The library is built around a data family of tensors

-- | Data family of unboxed tensors. Dimensions of a tensor are represented as type-level list of 
--   naturals. For instance, @Tensor [3] Float@ is a vector of 3 'Float' elements; @Tensor [4,3] Double@ 
--   is a matrix with 4 rows 3 columns of 'Double' and so on.
class IsTensor (dims :: [Nat]) e where
    {-# MINIMAL tensor, unsafeFromList, toList #-}

    -- | Tensor data constructor for given size and element type.
    data Tensor dims e :: Type

    -- | Alias for a concrete tensor data constructor.
    -- 
    -- >>> tensor @[2,2] @Int 0 1 2 3
    -- Tensor'2'2 [[0,1],[2,3]]
    tensor :: TensorConstructor dims e

    -- | Build tensor from the list. The list must contain at least 'length' elements or method will throw an exception.
    unsafeFromList :: [e] -> Tensor dims e

    -- | Convert tensor to list.
    toList :: Tensor dims e -> [] e

In order to start to work with the library, you need to create instances of this data family with desired sizes and element's types.

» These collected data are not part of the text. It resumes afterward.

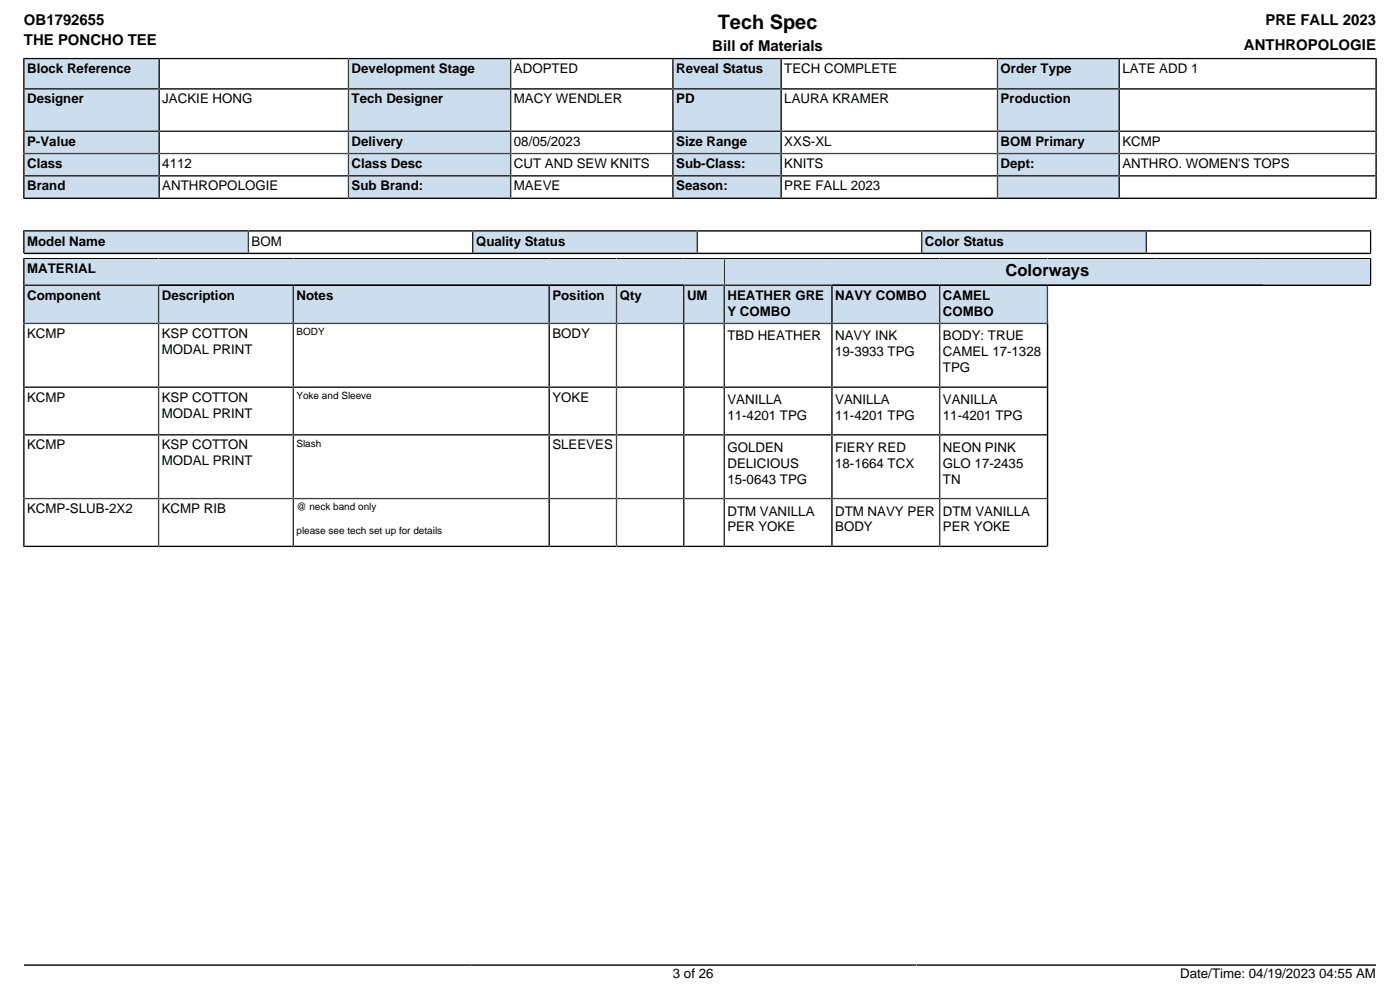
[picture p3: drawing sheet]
<svg xmlns="http://www.w3.org/2000/svg" width="297mm" height="210mm" viewBox="0 0 297 210" stroke-linecap="round" stroke-linejoin="round" font-family="sans-serif">
<defs><g id="words">
<text font-size="4.2" x="152.4" y="6.2">Tech Spec</text>
<text font-size="3.5" x="213.4" y="58.6">Colorways</text>
<g font-size="3.2">
<text x="5.1" y="5.3">OB1792655</text>
<text x="268.6" y="5.3">PRE FALL 2023</text>
<text x="5.1" y="9.6">THE PONCHO TEE</text>
<text x="151.2" y="10.8">Bill of Materials</text>
<text x="264.1" y="10.6">ANTHROPOLOGIE</text>
</g>
<g font-size="2.8">
<text x="5.8" y="15.5">Block Reference</text>
<text x="74.6" y="15.5">Development Stage</text>
<text x="109.1" y="15.5">ADOPTED</text>
<text x="143.5" y="15.5">Reveal Status</text>
<text x="166.5" y="15.5">TECH COMPLETE</text>
<text x="212.4" y="15.5">Order Type</text>
<text x="238.2" y="15.5">LATE ADD 1</text>
<text x="5.8" y="22">Designer</text>
<text x="34.5" y="22">JACKIE HONG</text>
<text x="74.6" y="22">Tech Designer</text>
<text x="109.1" y="22">MACY WENDLER</text>
<text x="143.5" y="22">PD</text>
<text x="166.5" y="22">LAURA KRAMER</text>
<text x="212.4" y="22">Production</text>
<text x="5.8" y="30.9">P-Value</text>
<text x="5.8" y="35.7">Class</text>
<text x="34.5" y="35.7">4112</text>
<text x="74.6" y="30.9">Delivery</text>
<text x="74.6" y="35.7">Class Desc</text>
<text x="109.1" y="30.9">08/05/2023</text>
<text x="109.1" y="35.7">CUT AND SEW KNITS</text>
<text x="143.5" y="30.9">Size Range</text>
<text x="143.5" y="35.7">Sub-Class:</text>
<text x="166.5" y="30.9">XXS-XL</text>
<text x="166.5" y="35.7">KNITS</text>
<text x="212.4" y="30.9">BOM Primary</text>
<text x="212.4" y="35.7">Dept:</text>
<text x="238.2" y="30.9">KCMP</text>
<text x="238.2" y="35.7">ANTHRO. WOMEN'S TOPS</text>
<text x="5.8" y="40.4">Brand</text>
<text x="34.5" y="40.4">ANTHROPOLOGIE</text>
<text x="74.6" y="40.4">Sub Brand:</text>
<text x="109.1" y="40.4">MAEVE</text>
<text x="143.5" y="40.4">Season:</text>
<text x="166.5" y="40.4">PRE FALL 2023</text>
<text x="5.8" y="52.1">Model Name</text>
<text x="53.4" y="52.1">BOM</text>
<text x="101" y="52.1">Quality Status</text>
<text x="196.3" y="52.1">Color Status</text>
<text x="5.8" y="58">MATERIAL</text>
<text x="5.8" y="63.6">Component</text>
<text x="34.3" y="63.6">Description</text>
<text x="62.9" y="63.6">Notes</text>
<text x="117.2" y="63.6">Position</text>
<text x="131.5" y="63.6">Qty</text>
<text x="145.8" y="63.6">UM</text>
<text x="154.4" y="63.6">HEATHER GRE</text>
<text x="177.3" y="63.6">NAVY COMBO</text>
<text x="200.1" y="63.6">CAMEL</text>
<text x="5.8" y="71.7">KCMP</text>
<text x="34.3" y="71.7">KSP COTTON</text>
<text x="117.2" y="71.7">BODY</text>
<text x="154.4" y="67">Y COMBO</text>
<text x="200.1" y="67">COMBO</text>
<text x="34.3" y="75.1">MODAL PRINT</text>
<text x="154.4" y="72.2">TBD HEATHER</text>
<text x="177.3" y="72.2">NAVY INK</text>
<text x="177.3" y="75.6">19-3933 TPG</text>
<text x="200.1" y="72.2">BODY: TRUE</text>
<text x="200.1" y="75.6">CAMEL 17-1328</text>
<text x="200.1" y="79">TPG</text>
<text x="5.8" y="85.2">KCMP</text>
<text x="34.3" y="85.2">KSP COTTON</text>
<text x="34.3" y="88.6">MODAL PRINT</text>
<text x="117.2" y="85.2">YOKE</text>
<text x="154.4" y="85.7">VANILLA</text>
<text x="154.4" y="89.1">11-4201 TPG</text>
<text x="177.3" y="85.7">VANILLA</text>
<text x="177.3" y="89.1">11-4201 TPG</text>
<text x="200.1" y="85.7">VANILLA</text>
<text x="200.1" y="89.1">11-4201 TPG</text>
<text x="5.8" y="95.3">KCMP</text>
<text x="34.3" y="95.3">KSP COTTON</text>
<text x="117.2" y="95.3">SLEEVES</text>
<text x="154.4" y="95.8">GOLDEN</text>
<text x="177.3" y="95.8">FIERY RED</text>
<text x="200.1" y="95.8">NEON PINK</text>
<text x="34.3" y="98.7">MODAL PRINT</text>
<text x="154.4" y="99.2">DELICIOUS</text>
<text x="177.3" y="99.2">18-1664 TCX</text>
<text x="200.1" y="99.2">GLO 17-2435</text>
<text x="154.4" y="102.6">15-0643 TPG</text>
<text x="200.1" y="102.6">TN</text>
<text x="5.8" y="108.9">KCMP-SLUB-2X2</text>
<text x="34.3" y="108.9">KCMP RIB</text>
<text x="154.4" y="109.4">DTM VANILLA</text>
<text x="154.4" y="112.7">PER YOKE</text>
<text x="177.3" y="109.4">DTM NAVY PER</text>
<text x="177.3" y="112.7">BODY</text>
<text x="200.1" y="109.4">DTM VANILLA</text>
<text x="200.1" y="112.7">PER YOKE</text>
<text x="142.8" y="207.6">3 of 26</text>
<text x="250.5" y="207.6">Date/Time: 04/19/2023 04:55 AM</text>
</g>
<g font-size="2.1">
<text x="62.9" y="71.1">BODY</text>
<text x="62.9" y="84.6">Yoke and Sleeve</text>
<text x="62.9" y="94.7">Slash</text>
<text x="62.9" y="108.3">@ neck band only</text>
<text x="62.9" y="113.3">please see tech set up for details</text>
</g>
</g></defs>
<path d="M5.3 12.6h28.3v6.1h-28.3z" fill="#cde"/>
<path d="M5.1 12.3v6.6h68.9v-6.5h-69.1M33.8 12.4v6.5" fill="none" stroke="#000" stroke-width=".35"/>
<path d="M74.1 12.6h34.1v6.1h-34.1z" fill="#cde"/>
<path d="M74 12.4h68.8v6.5h-68.8zM108.4 12.4v6.5" fill="none" stroke="#000" stroke-width=".35"/>
<path d="M143 12.6h22.6v6.1h-22.6z" fill="#cde"/>
<path d="M142.8 12.4h68.9v6.5h-68.9zM165.8 12.4v6.5" fill="none" stroke="#000" stroke-width=".35"/>
<path d="M211.9 12.6h25.5v6.1h-25.5z" fill="#cde"/>
<path d="M237.6 12.4v6.5M292.1 12.3v6.6h-80.4v-6.5h80.6" fill="none" stroke="#000" stroke-width=".35"/>
<path d="M5.3 19h28.3v8.7h-28.3z" fill="#cde"/>
<path d="M5.1 18.9h68.9v8.9h-68.9zM33.8 18.9v8.9" fill="none" stroke="#000" stroke-width=".35"/>
<path d="M74.1 19h34.1v8.7h-34.1z" fill="#cde"/>
<path d="M74 18.9h68.8v8.9h-68.8zM108.4 18.9v8.9" fill="none" stroke="#000" stroke-width=".35"/>
<path d="M143 19h22.6v8.7h-22.6z" fill="#cde"/>
<path d="M142.8 18.9h68.9v8.9h-68.9zM165.8 18.9v8.9" fill="none" stroke="#000" stroke-width=".35"/>
<path d="M211.9 19h25.5v8.7h-25.5z" fill="#cde"/>
<path d="M211.7 18.9h80.4v8.9h-80.4zM237.6 18.9v8.9" fill="none" stroke="#000" stroke-width=".35"/>
<path d="M5.3 28h28.3v4.4h-28.3z" fill="#cde"/>
<path d="M5.1 27.8h68.9v4.8h-68.9zM33.8 27.8v4.8" fill="none" stroke="#000" stroke-width=".35"/>
<path d="M74.1 28h34.1v4.4h-34.1z" fill="#cde"/>
<path d="M74 27.8h68.8v4.8h-68.8zM108.4 27.8v4.8" fill="none" stroke="#000" stroke-width=".35"/>
<path d="M143 28h22.6v4.4h-22.6z" fill="#cde"/>
<path d="M142.8 27.8h68.9v4.8h-68.9zM165.8 27.8v4.8" fill="none" stroke="#000" stroke-width=".35"/>
<path d="M211.9 28h25.5v4.4h-25.5z" fill="#cde"/>
<path d="M211.7 27.8h80.4v4.8h-80.4zM237.6 27.8v4.8" fill="none" stroke="#000" stroke-width=".35"/>
<path d="M5.3 32.8h28.3v4.3h-28.3z" fill="#cde"/>
<path d="M5.1 32.6h68.9v4.7h-68.9zM33.8 32.6v4.7" fill="none" stroke="#000" stroke-width=".35"/>
<path d="M74.1 32.8h34.1v4.3h-34.1z" fill="#cde"/>
<path d="M74 32.6h68.8v4.7h-68.8zM108.4 32.6v4.7" fill="none" stroke="#000" stroke-width=".35"/>
<path d="M143 32.8h22.6v4.3h-22.6z" fill="#cde"/>
<path d="M142.8 32.6h68.9v4.7h-68.9zM165.8 32.6v4.7" fill="none" stroke="#000" stroke-width=".35"/>
<path d="M211.9 32.8h25.5v4.3h-25.5z" fill="#cde"/>
<path d="M211.7 32.6h80.4v4.7h-80.4zM237.6 32.6v4.7" fill="none" stroke="#000" stroke-width=".35"/>
<path d="M5.3 37.5h28.3v4.4h-28.3z" fill="#cde"/>
<path d="M33.8 37.3v4.8M4.9 42.1h69.1v-4.8h-68.9v4.9" fill="none" stroke="#000" stroke-width=".35"/>
<path d="M74.1 37.5h34.1v4.4h-34.1z" fill="#cde"/>
<path d="M74 37.3h68.8v4.8h-68.8zM108.4 37.3v4.8" fill="none" stroke="#000" stroke-width=".35"/>
<path d="M143 37.5h22.6v4.4h-22.6z" fill="#cde"/>
<path d="M142.8 37.3h68.9v4.8h-68.9zM165.8 37.3v4.8" fill="none" stroke="#000" stroke-width=".35"/>
<path d="M211.9 37.5h25.5v4.4h-25.5z" fill="#cde"/>
<path d="M237.6 37.3v4.8M292.3 42.1h-80.6v-4.8h80.4v4.9" fill="none" stroke="#000" stroke-width=".35"/>
<path d="M5.3 49.2h47.2v4.4h-47.2z" fill="#cde"/>
<path d="M5.1 48.8v4.9h95.3v-4.7h-95.5M52.7 49v4.7" fill="none" stroke="#000" stroke-width=".35"/>
<path d="M100.5 49.2h47.3v4.4h-47.3z" fill="#cde"/>
<path d="M100.4 49h95.3v4.7h-95.3zM148 49v4.7" fill="none" stroke="#000" stroke-width=".35"/>
<path d="M195.8 49.2h47.3v4.4h-47.3z" fill="#cde"/>
<path d="M5.1 54.7v5.8h148.6v-5.6h-148.8M243.3 49v4.7M291 48.8v4.9h-285.9M291.1 49h-95.4v4.7" fill="none" stroke="#000" stroke-width=".35"/>
<path d="M5.3 55.1h148.3v5.2h-148.3z" fill="#cde"/>
<path d="M290.9 54.7v5.8h-137.2v-5.6h137.4" fill="none" stroke="#000" stroke-width=".35"/>
<g fill="#cde">
<path d="M153.9 55.1h136.9v5.2h-136.9z"/>
<path d="M5.3 60.7h28.2v7.7h-28.2z"/>
</g>
<path d="M5.1 60.5h28.6v8.1h-28.6z" fill="none" stroke="#000" stroke-width=".35"/>
<path d="M33.8 60.7h28.3v7.7h-28.3z" fill="#cde"/>
<path d="M33.7 60.5h28.6v8.1h-28.6z" fill="none" stroke="#000" stroke-width=".35"/>
<path d="M62.4 60.7h54v7.7h-54z" fill="#cde"/>
<path d="M62.3 60.5h54.3v8.1h-54.3z" fill="none" stroke="#000" stroke-width=".35"/>
<path d="M116.7 60.7h14v7.7h-14z" fill="#cde"/>
<path d="M116.6 60.5h14.3v8.1h-14.3z" fill="none" stroke="#000" stroke-width=".35"/>
<path d="M131 60.7h14v7.7h-14z" fill="#cde"/>
<path d="M130.9 60.5h14.3v8.1h-14.3z" fill="none" stroke="#000" stroke-width=".35"/>
<path d="M145.3 60.7h8.3v7.7h-8.3z" fill="#cde"/>
<path d="M145.2 60.5h8.5v8.1h-8.5z" fill="none" stroke="#000" stroke-width=".35"/>
<path d="M153.9 60.7h22.5v7.7h-22.5z" fill="#cde"/>
<path d="M153.7 60.5h22.9v8.1h-22.9z" fill="none" stroke="#000" stroke-width=".35"/>
<path d="M176.8 60.7h22.5v7.7h-22.5z" fill="#cde"/>
<path d="M176.6 60.5h22.9v8.1h-22.9z" fill="none" stroke="#000" stroke-width=".35"/>
<path d="M199.6 60.7h22.6v7.7h-22.6z" fill="#cde"/>
<g fill="none" stroke="#000" stroke-width=".35">
<path d="M33.7 68.6v47.3M62.3 68.6v47.3M116.6 68.6v47.3M130.9 68.6v47.3M145.2 68.6v47.3M153.7 68.6v47.3M176.6 68.6v47.3M222.3 60.5v55.4h-217.4M222.3 68.6h-217.2v47.5M290.9 60.5h-91.4v55.4M5.1 82.1h217.2M5.1 92.3h217.2"/>
<path d="M5.1 105.8h217.2M5.1 204.7h287"/>
</g>
<use href="#words"/>
</svg>

For this, you can use Template Haskell functions

Data.Tensor.Static.TH.genTensorInstance :: NonEmpty Int       -- ^ Dimensions of the tensor.
                                        -> Name               -- ^ Type of elements.
                                        -> Q [Dec]

Data.Vector.Static.genVectorInstance    :: Int                -- ^ Size of the vector.
                                        -> Name               -- ^ Type of elements.
                                        -> Q [Dec]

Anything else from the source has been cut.